Download or read book On the Origin of Stories written by Brian Boyd and published by Harvard University Press. This book was released on 2009-05-30 with total page 555 pages. Available in PDF, EPUB and Kindle. Book excerpt: A century and a half after the publication of Origin of Species, evolutionary thinking has expanded beyond the field of biology to include virtually all human-related subjects—anthropology, archeology, psychology, economics, religion, morality, politics, culture, and art. Now a distinguished scholar offers the first comprehensive account of the evolutionary origins of art and storytelling. Brian Boyd explains why we tell stories, how our minds are shaped to understand them, and what difference an evolutionary understanding of human nature makes to stories we love.
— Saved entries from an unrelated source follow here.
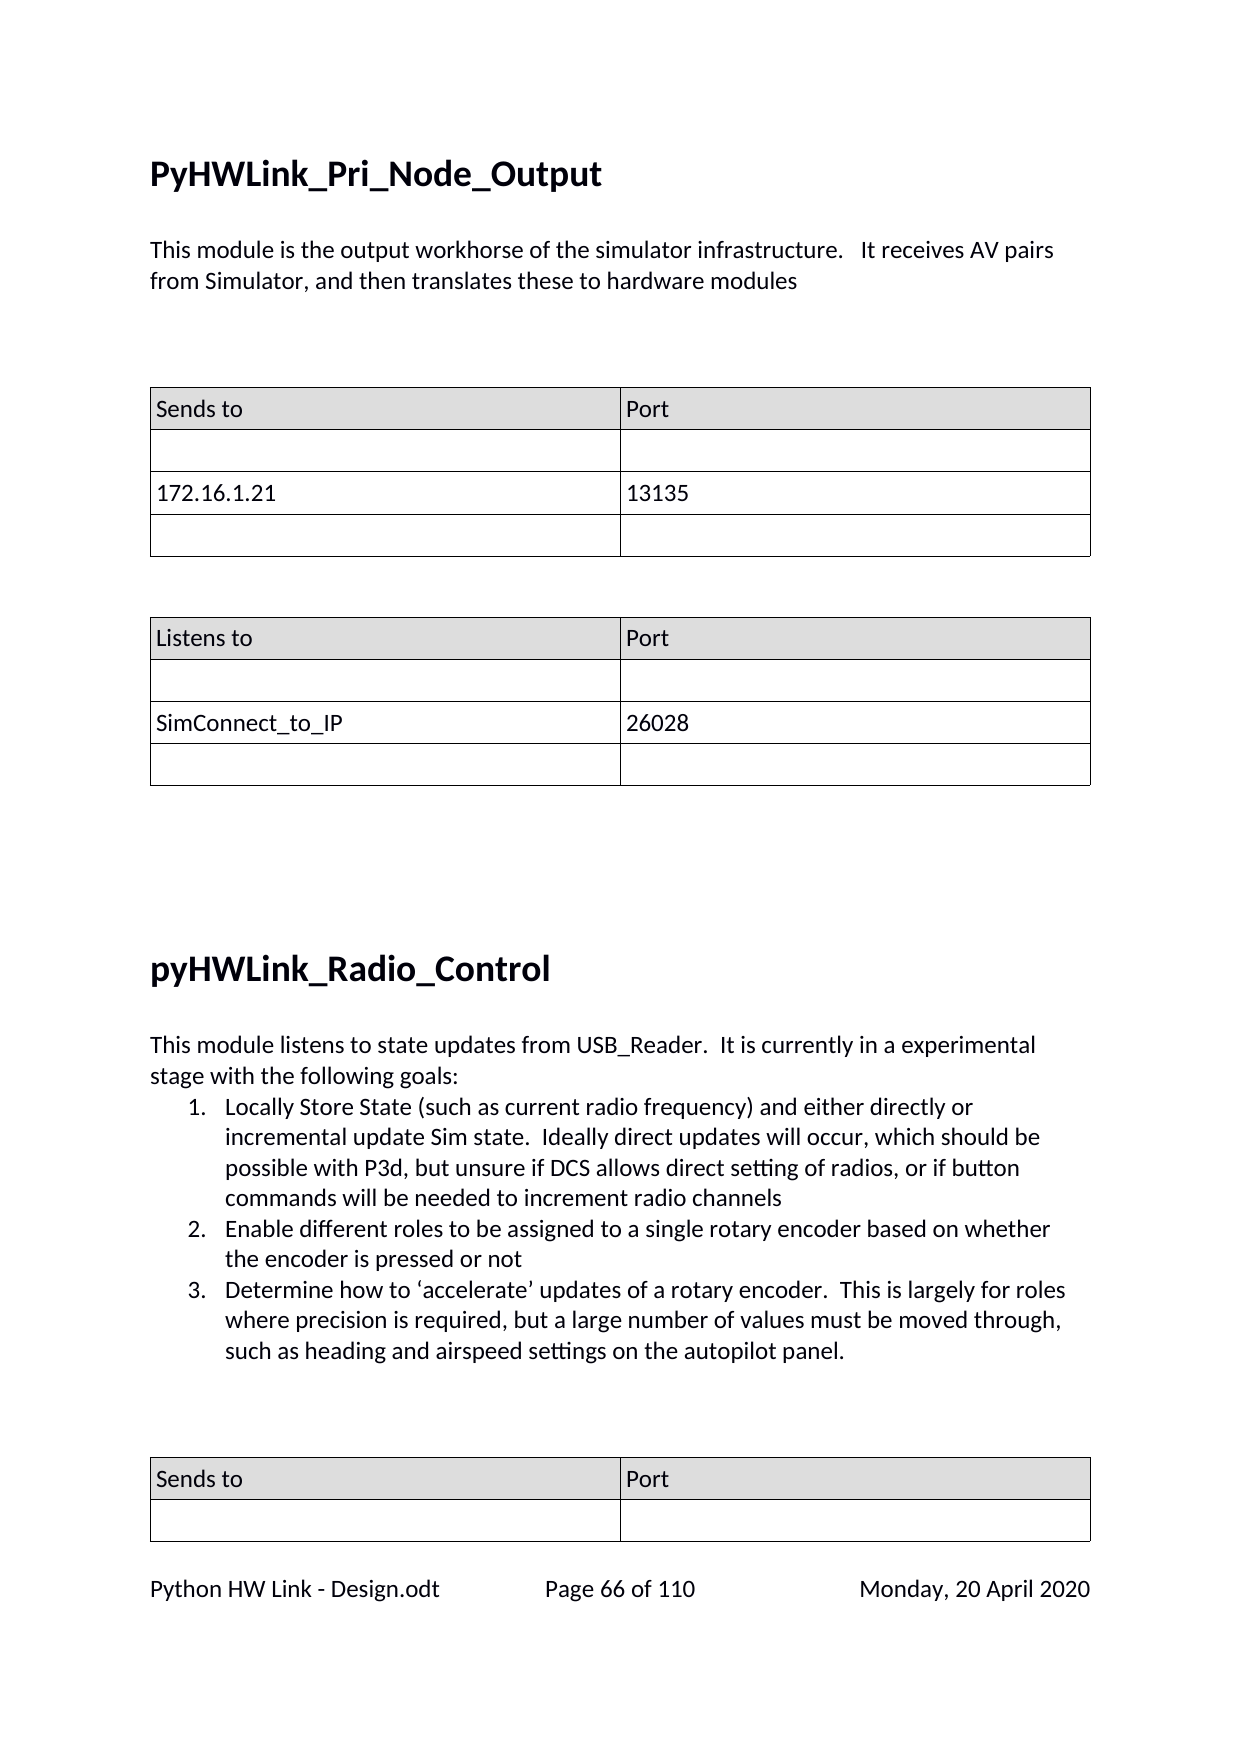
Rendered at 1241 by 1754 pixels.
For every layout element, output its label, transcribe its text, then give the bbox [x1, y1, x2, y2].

table_cell [621, 430, 1090, 471]
table_cell [621, 515, 1090, 556]
table_cell [151, 660, 620, 701]
table_cell SimConnect_to_IP [151, 702, 620, 743]
table_cell 13135 [621, 472, 1090, 513]
table_cell [151, 515, 620, 556]
subtitle pyHWLink_Radio_Control [150, 945, 1090, 991]
table_header Port [621, 1458, 1090, 1499]
table_cell [151, 744, 620, 785]
table_cell 26028 [621, 702, 1090, 743]
list Determine how to ‘accelerate’ updates of a rotary encoder. This is largely for roles where precision is required, but a large number of values must be moved through, such as heading and airspeed settings on the autopilot panel. [187, 1274, 1090, 1365]
table_cell 172.16.1.21 [151, 472, 620, 513]
subtitle PyHWLink_Pri_Node_Output [150, 150, 1090, 196]
table_cell [151, 430, 620, 471]
table_cell [621, 744, 1090, 785]
table_header Sends to [151, 1458, 620, 1499]
table_header Port [621, 618, 1090, 659]
table_cell [621, 660, 1090, 701]
table_cell [621, 1500, 1090, 1541]
table_header Sends to [151, 388, 620, 429]
table_header Port [621, 388, 1090, 429]
list Enable different roles to be assigned to a single rotary encoder based on whether the encoder is pressed or not [187, 1213, 1090, 1274]
table_header Listens to [151, 618, 620, 659]
text This module is the output workhorse of the simulator infrastructure. It receives AV pairs from Simulator, and then translates these to hardware modules [150, 235, 1090, 296]
list Locally Store State (such as current radio frequency) and either directly or incremental update Sim state. Ideally direct updates will occur, which should be possible with P3d, but unsure if DCS allows direct setting of radios, or if button commands will be needed to increment radio channels [187, 1091, 1090, 1213]
table_cell [151, 1500, 620, 1541]
text This module listens to state updates from USB_Reader. It is currently in a experimental stage with the following goals: [150, 1029, 1090, 1091]

Art is a specifically human adaptation, Boyd argues. It offers tangible advantages for human survival, and it derives from play, itself an adaptation widespread among more intelligent animals. More particularly, our fondness for storytelling has sharpened social cognition, encouraged cooperation, and fostered creativity. After considering art as adaptation, Boyd examines Homer’s Odyssey and Dr. Seuss’s Horton Hears a Who! demonstrating how an evolutionary lens can offer new understanding and appreciation of specific works. What triggers our emotional engagement with these works? What patterns facilitate our responses? The need to hold an audience’s attention, Boyd underscores, is the fundamental problem facing all storytellers. Enduring artists arrive at solutions that appeal to cognitive universals: an insight out of step with contemporary criticism, which obscures both the individual and universal. Published for the bicentenary of Darwin’s birth and the 150th anniversary of the publication of Origin of Species, Boyd’s study embraces a Darwinian view of human nature and art, and offers a credo for a new humanism.